Mais liberdade, menos pressão
Aceitar que você não tem 100% de controle sobre a criação dos seus filhos é um desafio e tanto. “Quando se vive em uma sociedade em que todos creem naquele mesmo paradigma, é difícil acreditar em algo diferente”, diz a antropóloga. Mesmo que no Sudeste Asiático seja comum uma criança de 5 anos cuidar sozinha do irmão mais novo, o pai ou a mãe que permitir isso nos Estados Unidos ou no Brasil provavelmente será processado por negligência – e ainda será condenado por amigos e familiares. Esse é um exemplo extremo, é claro. Mas a questão é: estamos tão acostumados a agir de tal forma, pautados por nossa cultura e geração, que não nos damos conta de que isso também nos impõe limites de atuação como pais.
Como agir, então? De acordo com os autores, eles devem se comportar mais como sponsors, ou seja, patrocinadores, incentivadores dos filhos, em vez de assumirem toda a responsabilidade pelo seu desenvolvimento. É claro que crianças pequenas precisam de cuidados reais e práticos, como dar banho e comida e colocar para dormir. Isso é imprescindível por um tempo. Mas, segundo o casal, é essencial que os pais as ajudem a alcançar seus próprios objetivos, sem ditá-los, e também sem assumir as responsabilidades por suas frustrações e insucessos. “Entender que temos apenas uma quantidade de opções limitadas para ajudar nossos filhos é, de certa forma, um alívio. Ao nos colocar no papel de mentores, deixamos de assumir que a criança se tornará um reflexo daquilo que somos ou que esperamos que ela se torne”, afirma Robert.

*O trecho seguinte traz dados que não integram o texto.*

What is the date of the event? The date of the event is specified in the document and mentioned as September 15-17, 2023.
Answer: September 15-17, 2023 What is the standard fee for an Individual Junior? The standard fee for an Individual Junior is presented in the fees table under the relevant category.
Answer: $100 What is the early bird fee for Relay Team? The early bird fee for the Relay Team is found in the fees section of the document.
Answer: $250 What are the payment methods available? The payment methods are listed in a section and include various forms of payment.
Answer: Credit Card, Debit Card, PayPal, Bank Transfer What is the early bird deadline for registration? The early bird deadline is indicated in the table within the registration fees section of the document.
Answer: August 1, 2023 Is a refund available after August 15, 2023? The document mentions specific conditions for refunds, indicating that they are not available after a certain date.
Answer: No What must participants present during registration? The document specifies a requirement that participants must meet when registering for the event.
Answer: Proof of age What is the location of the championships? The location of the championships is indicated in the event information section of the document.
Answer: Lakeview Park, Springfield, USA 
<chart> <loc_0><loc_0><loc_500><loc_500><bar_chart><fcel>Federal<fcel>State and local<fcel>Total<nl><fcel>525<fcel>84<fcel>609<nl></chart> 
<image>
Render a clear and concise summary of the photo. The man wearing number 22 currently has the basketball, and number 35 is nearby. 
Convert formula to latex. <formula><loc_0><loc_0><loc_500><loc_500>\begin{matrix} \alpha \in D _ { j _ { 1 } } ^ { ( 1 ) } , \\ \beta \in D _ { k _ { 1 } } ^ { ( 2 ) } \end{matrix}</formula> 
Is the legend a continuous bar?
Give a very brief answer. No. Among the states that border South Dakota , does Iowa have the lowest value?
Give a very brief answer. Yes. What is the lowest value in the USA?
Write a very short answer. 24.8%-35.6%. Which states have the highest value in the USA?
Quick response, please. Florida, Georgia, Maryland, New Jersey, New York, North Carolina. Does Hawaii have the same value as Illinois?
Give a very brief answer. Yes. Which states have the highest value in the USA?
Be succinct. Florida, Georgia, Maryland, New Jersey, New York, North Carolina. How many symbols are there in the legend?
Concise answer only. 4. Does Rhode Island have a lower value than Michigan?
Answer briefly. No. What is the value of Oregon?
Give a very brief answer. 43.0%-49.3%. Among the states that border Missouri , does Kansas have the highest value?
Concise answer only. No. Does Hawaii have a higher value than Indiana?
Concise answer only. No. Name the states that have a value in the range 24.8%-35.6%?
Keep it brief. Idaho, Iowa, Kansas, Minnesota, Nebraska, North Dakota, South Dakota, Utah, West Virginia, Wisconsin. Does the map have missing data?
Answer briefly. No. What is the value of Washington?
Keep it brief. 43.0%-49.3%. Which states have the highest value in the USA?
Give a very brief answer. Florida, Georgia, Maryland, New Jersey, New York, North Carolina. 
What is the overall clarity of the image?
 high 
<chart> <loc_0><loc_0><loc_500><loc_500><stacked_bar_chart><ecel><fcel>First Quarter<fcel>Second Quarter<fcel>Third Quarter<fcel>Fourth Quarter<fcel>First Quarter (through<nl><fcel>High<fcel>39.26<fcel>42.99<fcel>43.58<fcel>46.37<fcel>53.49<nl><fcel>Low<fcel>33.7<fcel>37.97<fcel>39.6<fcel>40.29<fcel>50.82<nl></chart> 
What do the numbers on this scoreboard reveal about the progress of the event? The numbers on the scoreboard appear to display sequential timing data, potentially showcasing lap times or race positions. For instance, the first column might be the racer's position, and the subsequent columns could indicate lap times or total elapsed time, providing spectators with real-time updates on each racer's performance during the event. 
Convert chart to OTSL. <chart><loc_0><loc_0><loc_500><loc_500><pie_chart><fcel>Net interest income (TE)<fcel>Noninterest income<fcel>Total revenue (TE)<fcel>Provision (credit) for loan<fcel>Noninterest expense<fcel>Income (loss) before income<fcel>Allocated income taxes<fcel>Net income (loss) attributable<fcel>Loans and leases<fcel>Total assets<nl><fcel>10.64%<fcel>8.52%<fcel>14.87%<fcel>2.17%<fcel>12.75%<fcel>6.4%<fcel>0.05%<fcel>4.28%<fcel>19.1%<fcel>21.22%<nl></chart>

Por isso, o principal conselho dos antropólogos para os pais americanos – e que também serve aos brasileiros – é: re-la-xe! Não é porque vai fazer uma viagem sozinho com seu companheiro que seus filhos vão se sentir abandonados e carentes pelo resto da vida. Assim como não é porque você pega o bebê no colo a cada choro que ele não vai aprender a andar com as próprias pernas ou ficar mimado. É muito carinho? É pouco carinho? É rigidez demais? Ou de menos? Não há uma resposta certa. E independente de como você agir, esteja certo de que seu filho vai entrar em contato com outros exemplos, outras formas de se comportar e pensar ao longo da vida – seja na escola, entre amigos, seja dentro da própria família.